1 Physical GPUs, 1 Logical GPUs


## Load the dataset and validate the data load

In [82]:
train_datagen = ImageDataGenerator(rescale=1./255, shear_range=0.2, zoom_range=0.2, horizontal_flip=True)

dataset = train_datagen.flow_from_directory("/home/suvo/Documents/LargeDatasets/CNNDatasets/Cats-Dogs-Pandas/animals", target_size=(32, 32), batch_size=32, class_mode='binary')

Found 3000 images belonging to 3 classes.


In [83]:
listdir("/home/suvo/Documents/LargeDatasets/CNNDatasets/Cats-Dogs-Pandas/animals")

['cats', 'dogs', 'panda']

In [84]:
folder = "/home/suvo/Documents/LargeDatasets/CNNDatasets/Cats-Dogs-Pandas/animals"
# folder1 = "/home/suvo/Documents/LargeDatasets/CNNDatasets/Cats-Dogs-Pandas/animals"

imageList=[]
classList=[]

for file1 in listdir(folder):
    file2 = folder + "/" + file1
    for file3 in listdir(file2):
        file4 = file2 + "/" + file3
        image = tf.keras.preprocessing.image.load_img(file4, target_size=(128, 128))
        image = tf.keras.preprocessing.image.img_to_array(image)
        imageList.append(image)
        classList.append(file1)

# Check whether all the images has been parsed
print(f"Length of the image list - {len(imageList)}")
print(f"Length of the class list - {len(classList)}")

Length of the image list - 3000
Length of the class list - 3000


#### Display four images from each of the classes

In [85]:
# test

In [86]:
# We will convert this list into numpy array
imageArray = np.asarray(imageList)
classArray = np.asarray(classList)

print(f"Shape of the image numpy array - {imageArray.shape}")
print(f"Shape of the class numpy array - {classArray.shape}")

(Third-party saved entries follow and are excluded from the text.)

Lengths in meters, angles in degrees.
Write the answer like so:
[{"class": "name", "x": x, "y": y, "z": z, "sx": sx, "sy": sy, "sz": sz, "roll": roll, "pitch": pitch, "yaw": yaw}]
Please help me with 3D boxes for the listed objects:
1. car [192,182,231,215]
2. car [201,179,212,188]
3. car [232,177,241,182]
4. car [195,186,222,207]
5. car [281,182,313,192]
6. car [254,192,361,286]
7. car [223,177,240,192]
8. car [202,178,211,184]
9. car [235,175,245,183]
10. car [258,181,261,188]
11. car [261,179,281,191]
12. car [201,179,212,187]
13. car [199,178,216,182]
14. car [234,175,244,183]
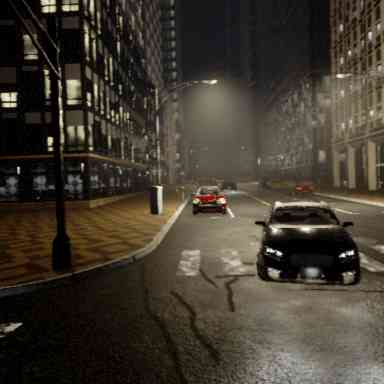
[{"class": "car", "x": 1.005, "y": 0.395, "z": 19.667, "sx": 1.967, "sy": 1.590, "sz": 4.097, "roll": -1, "pitch": 3, "yaw": 2}, {"class": "car", "x": 2.594, "y": -1.512, "z": 58.614, "sx": 1.887, "sy": 1.381, "sz": 4.507, "roll": -1, "pitch": 3, "yaw": 2}, {"class": "car", "x": 12.328, "y": -3.488, "z": 91.725, "sx": 1.947, "sy": 1.339, "sz": 4.313, "roll": -1, "pitch": 3, "yaw": 2}, {"class": "car", "x": 1.234, "y": 0.250, "z": 25.237, "sx": 1.802, "sy": 1.307, "sz": 4.206, "roll": -1, "pitch": 3, "yaw": 2}, {"class": "car", "x": 9.831, "y": -0.312, "z": 30.507, "sx": 1.802, "sy": 1.307, "sz": 4.206, "roll": -1, "pitch": 3, "yaw": 2}, {"class": "car", "x": 2.644, "y": 0.976, "z": 8.098, "sx": 2.128, "sy": 1.511, "sz": 4.902, "roll": -1, "pitch": 3, "yaw": 14}, {"class": "car", "x": 4.607, "y": -0.840, "z": 42.379, "sx": 1.994, "sy": 1.385, "sz": 4.181, "roll": -2, "pitch": 3, "yaw": 2}, {"class": "car", "x": 3.502, "y": -2.639, "z": 80.868, "sx": 1.947, "sy": 1.339, "sz": 4.313, "roll": -1, "pitch": 3, "yaw": 2}, {"class": "car", "x": 11.873, "y": -2.935, "z": 80.593, "sx": 1.887, "sy": 1.381, "sz": 4.507, "roll": -1, "pitch": 3, "yaw": 2}, {"class": "car", "x": 10.512, "y": -1.190, "z": 47.203, "sx": 1.947, "sy": 1.339, "sz": 4.313, "roll": -1, "pitch": 3, "yaw": 2}, {"class": "car", "x": 10.292, "y": -0.952, "z": 41.805, "sx": 1.752, "sy": 1.417, "sz": 4.829, "roll": -1, "pitch": 3, "yaw": 2}, {"class": "car", "x": 2.822, "y": -1.793, "z": 64.178, "sx": 2.008, "sy": 1.369, "sz": 4.403, "roll": -1, "pitch": 3, "yaw": 2}, {"class": "car", "x": 1.457, "y": -0.304, "z": 30.787, "sx": 2.192, "sy": 1.841, "sz": 5.009, "roll": -1, "pitch": 3, "yaw": 2}, {"class": "car", "x": 12.097, "y": -3.451, "z": 86.147, "sx": 2.192, "sy": 1.841, "sz": 5.009, "roll": -1, "pitch": 3, "yaw": 2}]
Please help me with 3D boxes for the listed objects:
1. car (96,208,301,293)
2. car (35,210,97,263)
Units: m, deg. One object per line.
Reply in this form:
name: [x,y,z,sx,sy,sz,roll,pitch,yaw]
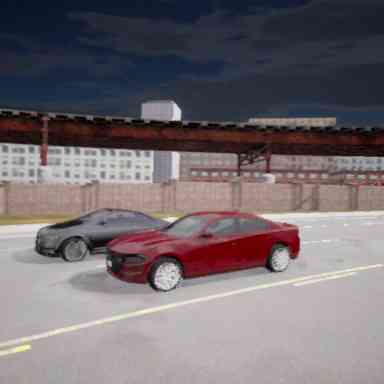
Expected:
car: [0.453,1.211,8.206,5.008,1.535,1.882,0,2,-30]
car: [-2.592,1.200,10.405,4.181,1.385,1.994,0,2,-31]
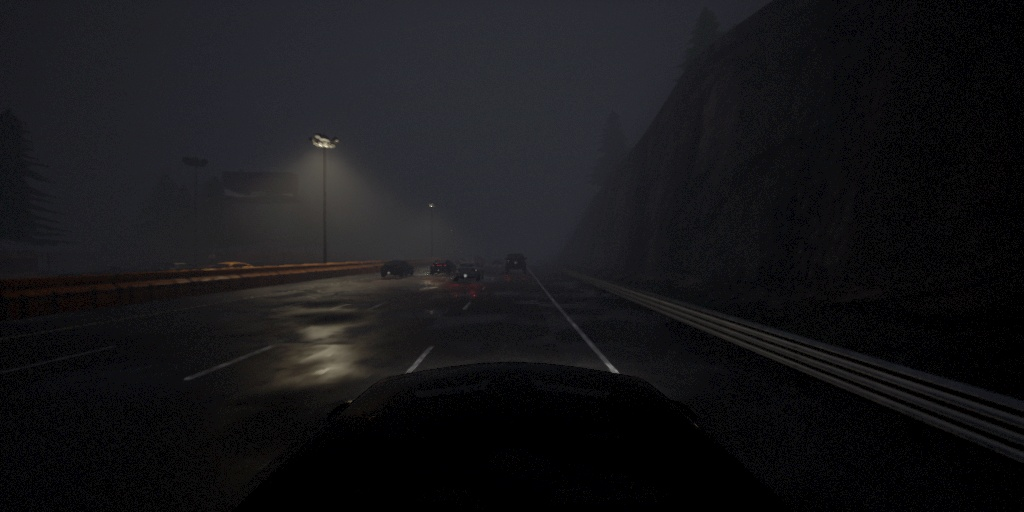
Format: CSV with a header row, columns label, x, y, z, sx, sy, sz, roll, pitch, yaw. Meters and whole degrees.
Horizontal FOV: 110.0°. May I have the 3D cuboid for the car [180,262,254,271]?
label,x,y,z,sx,sy,sz,roll,pitch,yaw
car,-20.851,1.198,26.263,1.882,1.535,5.008,0,0,1

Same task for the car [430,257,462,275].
label,x,y,z,sx,sy,sz,roll,pitch,yaw
car,-6.640,1.070,35.050,2.128,1.511,4.902,0,0,1

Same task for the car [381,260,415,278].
label,x,y,z,sx,sy,sz,roll,pitch,yaw
car,-10.180,1.112,32.157,1.837,1.490,4.892,0,0,1

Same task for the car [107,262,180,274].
label,x,y,z,sx,sy,sz,roll,pitch,yaw
car,-24.379,1.186,25.113,2.128,1.511,4.902,0,0,1

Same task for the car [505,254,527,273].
label,x,y,z,sx,sy,sz,roll,pitch,yaw
car,0.416,0.754,38.862,2.150,2.045,5.566,0,0,1

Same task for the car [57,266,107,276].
label,x,y,z,sx,sy,sz,roll,pitch,yaw
car,-27.885,1.307,24.820,1.895,1.301,4.718,0,0,1

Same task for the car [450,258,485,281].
label,x,y,z,sx,sy,sz,roll,pitch,yaw
car,-3.252,1.136,27.574,1.812,1.442,4.674,0,0,1
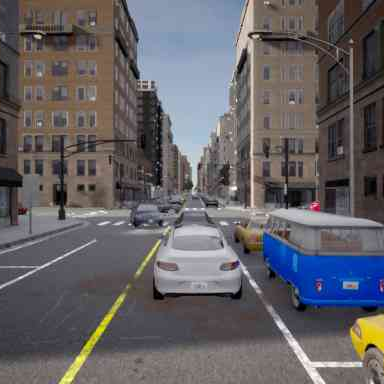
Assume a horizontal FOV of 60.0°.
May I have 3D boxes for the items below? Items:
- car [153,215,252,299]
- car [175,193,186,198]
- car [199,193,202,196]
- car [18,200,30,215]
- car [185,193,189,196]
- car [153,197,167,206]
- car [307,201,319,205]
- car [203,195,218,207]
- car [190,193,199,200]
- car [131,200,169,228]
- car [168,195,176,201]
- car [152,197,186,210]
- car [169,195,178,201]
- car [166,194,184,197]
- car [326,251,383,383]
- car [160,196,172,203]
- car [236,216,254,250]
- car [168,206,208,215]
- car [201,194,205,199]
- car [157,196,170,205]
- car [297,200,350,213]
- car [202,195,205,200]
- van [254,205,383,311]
[{"bbox_3d":[0.084,1.527,8.317,1.812,1.442,4.674,0,0,-1],"label":"car"},{"bbox_3d":[-2.543,1.482,61.907,1.882,1.535,5.008,0,0,1],"label":"car"},{"bbox_3d":[3.579,1.549,89.517,2.008,1.369,4.403,1,0,1],"label":"car"},{"bbox_3d":[-17.143,1.060,29.120,5.566,2.045,2.150,0,-1,1],"label":"car"},{"bbox_3d":[-2.338,1.359,72.034,2.097,1.767,4.553,0,0,1],"label":"car"},{"bbox_3d":[-5.405,1.571,56.449,1.947,1.339,4.313,1,0,1],"label":"car"},{"bbox_3d":[15.592,1.356,35.566,5.566,2.045,2.150,0,-1,0],"label":"car"},{"bbox_3d":[3.044,1.571,50.806,1.947,1.339,4.313,1,0,1],"label":"car"},{"bbox_3d":[0.935,1.523,91.853,1.812,1.442,4.674,0,0,1],"label":"car"},{"bbox_3d":[-3.100,1.530,22.709,1.812,1.442,4.674,1,0,-15],"label":"car"},{"bbox_3d":[-5.024,1.527,83.923,1.752,1.417,4.829,1,0,1],"label":"car"},{"bbox_3d":[-3.338,1.515,32.247,4.892,1.490,1.837,0,0,0],"label":"car"},{"bbox_3d":[-4.946,1.566,89.621,1.947,1.339,4.313,1,0,1],"label":"car"},{"bbox_3d":[-2.702,1.483,52.247,1.882,1.535,5.008,0,0,1],"label":"car"},{"bbox_3d":[2.678,1.526,1.966,1.752,1.417,4.829,1,0,0],"label":"car"},{"bbox_3d":[-5.251,1.549,67.506,1.887,1.381,4.507,1,0,1],"label":"car"},{"bbox_3d":[2.689,1.527,13.313,1.752,1.417,4.829,1,0,0],"label":"car"},{"bbox_3d":[0.108,1.566,15.653,1.994,1.385,4.181,0,0,0],"label":"car"},{"bbox_3d":[3.196,1.555,61.866,2.008,1.369,4.403,1,0,1],"label":"car"},{"bbox_3d":[-5.328,1.556,61.977,2.008,1.369,4.403,1,0,1],"label":"car"},{"bbox_3d":[15.241,1.712,38.814,5.357,1.411,2.033,0,-1,0],"label":"car"},{"bbox_3d":[3.120,1.549,56.336,1.887,1.381,4.507,1,0,1],"label":"car"},{"bbox_3d":[2.685,1.342,7.469,1.690,1.788,3.998,1,0,0],"label":"van"}]
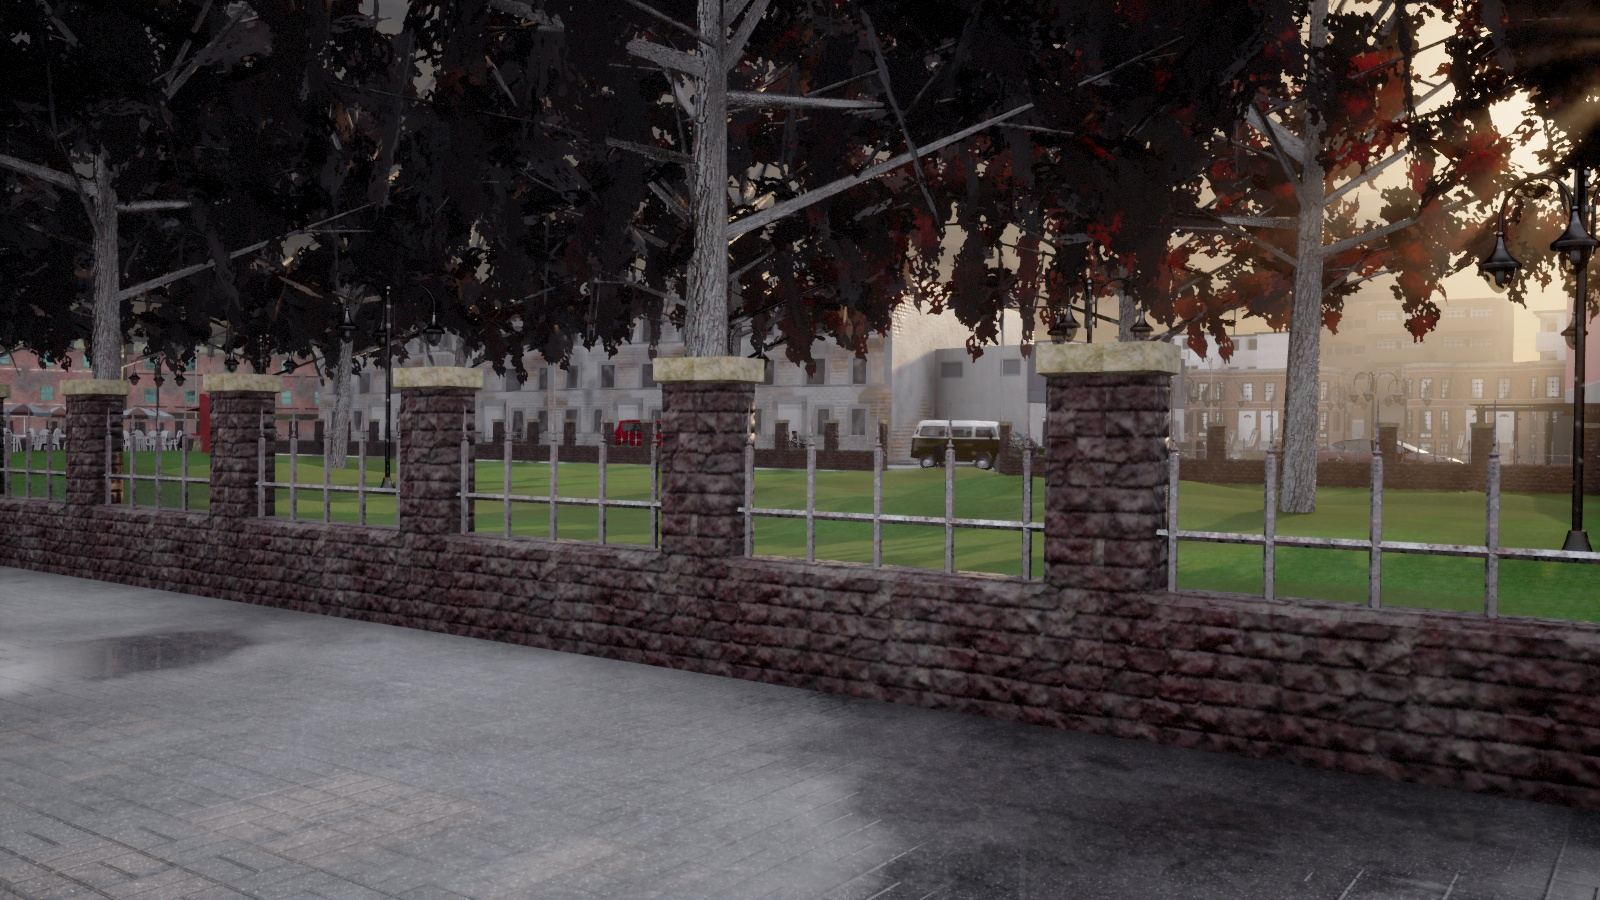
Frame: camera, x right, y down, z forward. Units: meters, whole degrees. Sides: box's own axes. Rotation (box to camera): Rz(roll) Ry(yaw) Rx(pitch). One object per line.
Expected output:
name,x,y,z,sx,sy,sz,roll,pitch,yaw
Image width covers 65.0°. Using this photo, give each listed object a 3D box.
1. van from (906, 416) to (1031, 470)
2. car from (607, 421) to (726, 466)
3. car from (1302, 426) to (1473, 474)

Shape of the image numpy array - (3000, 128, 128, 3)
Shape of the class numpy array - (3000,)


#### Normalizing the images

we will want all our pixel values to be between 0 and 1 (normalized), in order for the neural net to train faster

In [87]:
imageArray = imageArray/255.0

#### Reshaping the image

We are flattening every image meaning we're going to transform each of the dimensions of the image for all the images of the array by flattening all the pixels into a single one vector and we will do that through reshape


In [88]:
imageArray = imageArray.reshape(-1, imageArray.shape[1]*imageArray.shape[2]*imageArray.shape[3])
imageArray.shape

(3000, 49152)

In [106]:
classArray

array(['cats', 'cats', 'cats', ..., 'panda', 'panda', 'panda'],
      dtype='<U5')

In [89]:
imageArray[0]

array([0.09803922, 0.11372549, 0.14901961, ..., 0.62352943, 0.5882353 ,
       0.5686275 ], dtype=float32)

## Train-Test Split

In [90]:
# Perform the split
features_train, features_test, target_train, target_test = train_test_split(imageArray, classArray, test_size=0.3, 
                                                                            random_state=101)

# We will further split the training set into validatoion to evaluate the Neural Network training
features_train, features_val, target_train, target_val = train_test_split(features_train, target_train, test_size=0.3, 
                                                                            random_state=101)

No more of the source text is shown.